» **Data extracts**:

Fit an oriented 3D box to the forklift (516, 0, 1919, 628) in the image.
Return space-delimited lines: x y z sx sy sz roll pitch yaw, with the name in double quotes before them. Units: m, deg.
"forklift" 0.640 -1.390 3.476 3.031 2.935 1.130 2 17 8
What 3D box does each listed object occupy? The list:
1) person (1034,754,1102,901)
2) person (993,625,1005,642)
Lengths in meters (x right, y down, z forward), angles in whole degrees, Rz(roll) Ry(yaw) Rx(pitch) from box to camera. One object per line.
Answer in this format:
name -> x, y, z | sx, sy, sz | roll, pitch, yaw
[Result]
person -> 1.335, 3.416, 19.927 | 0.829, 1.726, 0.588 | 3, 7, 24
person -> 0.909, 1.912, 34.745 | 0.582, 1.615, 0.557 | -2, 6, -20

» **Aim of the exercise**: Could you write out all the records exactly, please?

» **Written answer**:
Fit an oriented 3D box to the forklift (516, 0, 1919, 628) in the image.
Return space-delimited lines: x y z sx sy sz roll pitch yaw, with the name in double quotes before them. Units: m, deg.
"forklift" 0.640 -1.390 3.476 3.031 2.935 1.130 2 17 8
What 3D box does each listed object occupy? The list:
1) person (1034,754,1102,901)
2) person (993,625,1005,642)
Lengths in meters (x right, y down, z forward), angles in whole degrees, Rz(roll) Ry(yaw) Rx(pitch) from box to camera. One object per line.
Answer in this format:
name -> x, y, z | sx, sy, sz | roll, pitch, yaw
[Result]
person -> 1.335, 3.416, 19.927 | 0.829, 1.726, 0.588 | 3, 7, 24
person -> 0.909, 1.912, 34.745 | 0.582, 1.615, 0.557 | -2, 6, -20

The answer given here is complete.